# DIRECTIONS
Below are some records; quote exactly the lines from the one that contains "Numbers: x, y, z, sx, sy, sz, roll, pitch, yaw." through the one that contains "- car [163,199,187,206]", inclusive, and no others.

Stored data entries
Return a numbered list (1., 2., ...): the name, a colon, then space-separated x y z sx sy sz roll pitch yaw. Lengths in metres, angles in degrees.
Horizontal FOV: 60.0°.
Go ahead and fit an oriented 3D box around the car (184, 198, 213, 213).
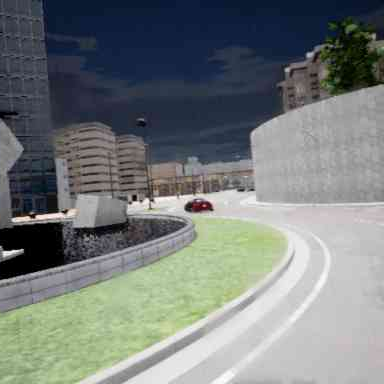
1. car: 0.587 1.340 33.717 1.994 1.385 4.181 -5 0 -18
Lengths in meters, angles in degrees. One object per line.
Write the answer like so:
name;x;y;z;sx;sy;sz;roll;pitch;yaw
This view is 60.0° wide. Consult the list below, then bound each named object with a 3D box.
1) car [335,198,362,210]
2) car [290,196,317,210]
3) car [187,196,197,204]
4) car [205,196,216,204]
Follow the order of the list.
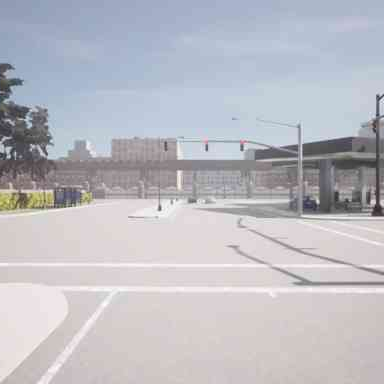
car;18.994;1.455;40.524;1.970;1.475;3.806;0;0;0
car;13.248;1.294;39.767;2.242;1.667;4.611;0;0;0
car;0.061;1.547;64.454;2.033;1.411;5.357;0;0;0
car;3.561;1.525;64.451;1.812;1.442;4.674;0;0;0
---
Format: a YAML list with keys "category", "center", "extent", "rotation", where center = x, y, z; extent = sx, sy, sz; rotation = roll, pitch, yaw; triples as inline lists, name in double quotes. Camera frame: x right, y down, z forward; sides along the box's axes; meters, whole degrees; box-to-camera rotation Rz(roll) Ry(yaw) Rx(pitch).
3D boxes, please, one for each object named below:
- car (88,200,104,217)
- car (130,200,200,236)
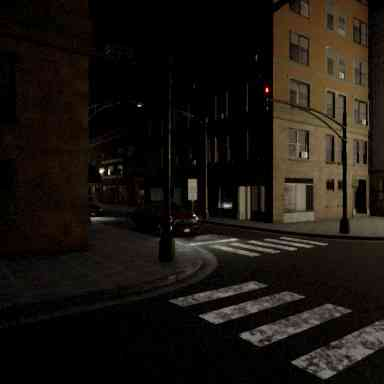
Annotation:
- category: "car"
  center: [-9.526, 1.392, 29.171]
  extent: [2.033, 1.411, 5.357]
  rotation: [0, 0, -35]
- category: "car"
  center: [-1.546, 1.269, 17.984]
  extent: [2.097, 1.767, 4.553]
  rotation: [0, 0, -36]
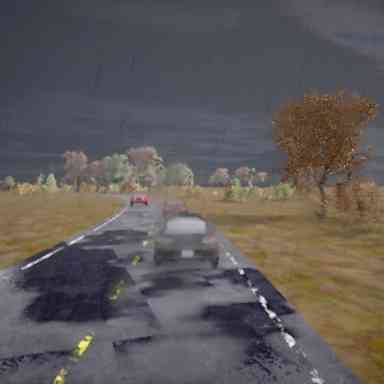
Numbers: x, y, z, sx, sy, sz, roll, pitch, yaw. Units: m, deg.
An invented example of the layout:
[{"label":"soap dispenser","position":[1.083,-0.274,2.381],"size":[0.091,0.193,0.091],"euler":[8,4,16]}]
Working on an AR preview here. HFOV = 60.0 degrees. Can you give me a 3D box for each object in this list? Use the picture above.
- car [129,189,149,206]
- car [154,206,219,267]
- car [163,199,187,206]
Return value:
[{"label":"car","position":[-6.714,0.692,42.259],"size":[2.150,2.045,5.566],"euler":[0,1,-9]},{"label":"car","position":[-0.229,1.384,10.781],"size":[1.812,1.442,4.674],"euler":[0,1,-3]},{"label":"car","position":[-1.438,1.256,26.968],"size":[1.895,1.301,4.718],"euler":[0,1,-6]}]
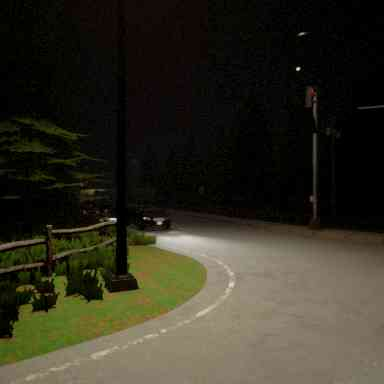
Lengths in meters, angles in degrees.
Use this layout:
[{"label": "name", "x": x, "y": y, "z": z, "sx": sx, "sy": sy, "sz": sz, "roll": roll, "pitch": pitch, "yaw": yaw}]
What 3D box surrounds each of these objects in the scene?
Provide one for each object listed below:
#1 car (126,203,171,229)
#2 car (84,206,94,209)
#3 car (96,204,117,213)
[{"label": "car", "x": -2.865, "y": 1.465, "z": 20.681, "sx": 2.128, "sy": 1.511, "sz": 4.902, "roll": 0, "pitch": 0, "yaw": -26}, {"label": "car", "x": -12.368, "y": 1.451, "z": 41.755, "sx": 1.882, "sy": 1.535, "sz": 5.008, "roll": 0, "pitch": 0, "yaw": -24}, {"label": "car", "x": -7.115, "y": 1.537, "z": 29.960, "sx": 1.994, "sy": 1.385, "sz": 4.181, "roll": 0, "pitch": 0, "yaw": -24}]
---
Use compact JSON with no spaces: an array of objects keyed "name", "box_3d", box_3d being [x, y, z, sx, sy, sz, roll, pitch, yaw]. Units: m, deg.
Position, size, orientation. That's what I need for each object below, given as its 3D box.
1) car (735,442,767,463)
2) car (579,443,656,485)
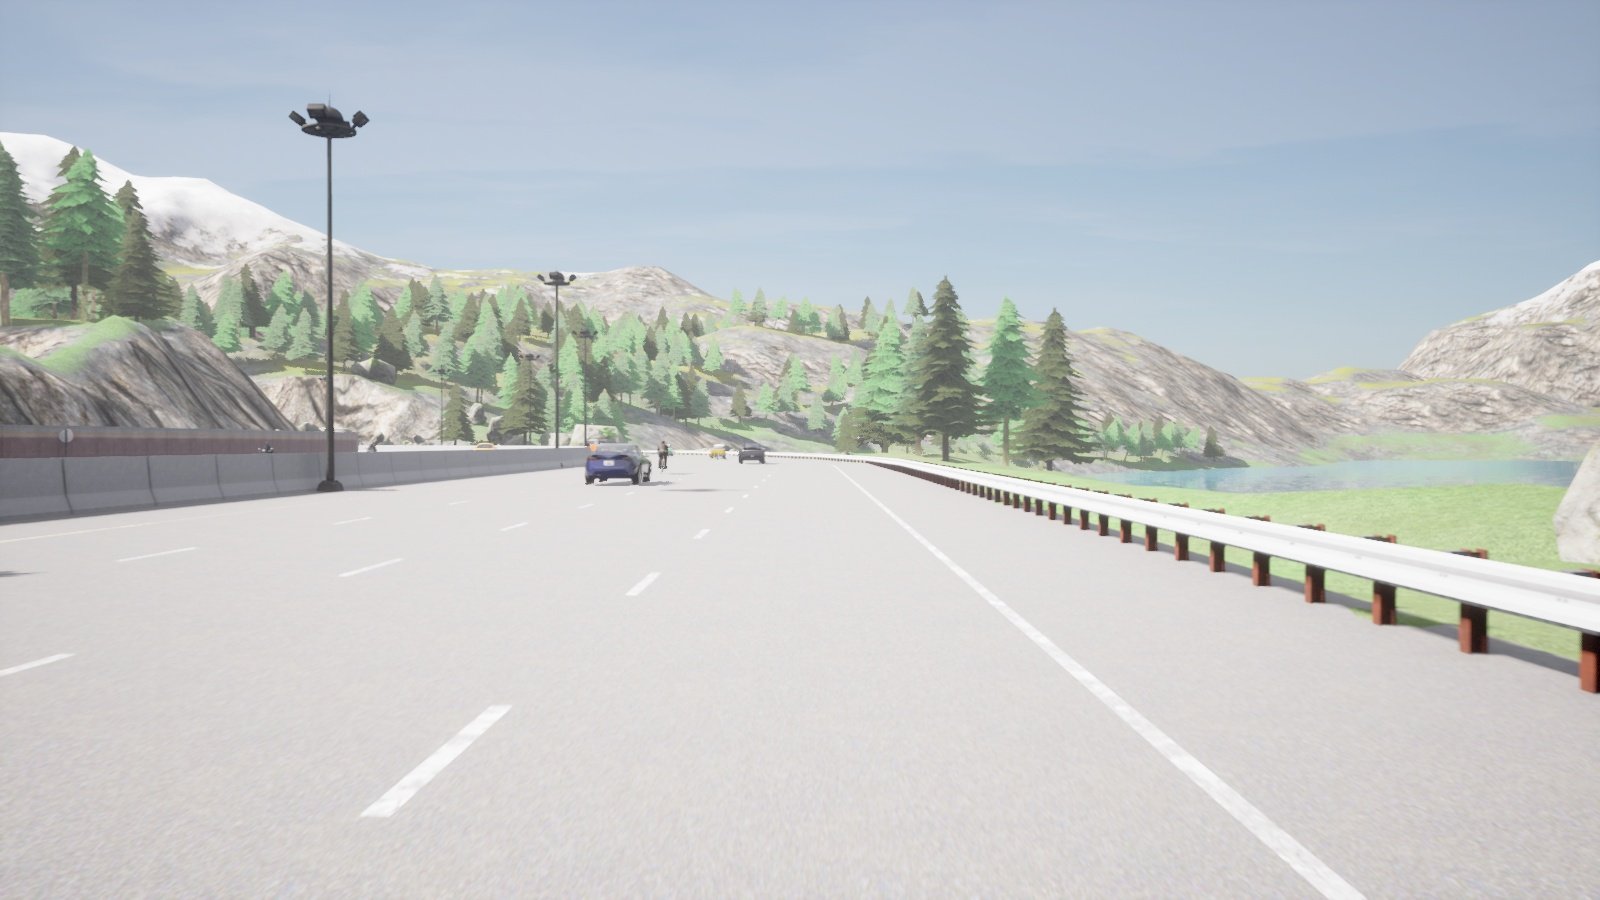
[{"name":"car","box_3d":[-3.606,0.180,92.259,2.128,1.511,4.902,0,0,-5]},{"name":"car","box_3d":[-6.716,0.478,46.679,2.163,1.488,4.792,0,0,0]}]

# YOUR SOLUTION
Numbers: x, y, z, sx, sy, sz, roll, pitch, yaw. Units: m, deg.
An invented example of the layout:
[{"label":"soap dispenser","position":[1.083,-0.274,2.381],"size":[0.091,0.193,0.091],"euler":[8,4,16]}]
Working on an AR preview here. HFOV = 60.0 degrees. Can you give me a 3D box for each object in this list? Use the picture above.
- car [129,189,149,206]
- car [154,206,219,267]
- car [163,199,187,206]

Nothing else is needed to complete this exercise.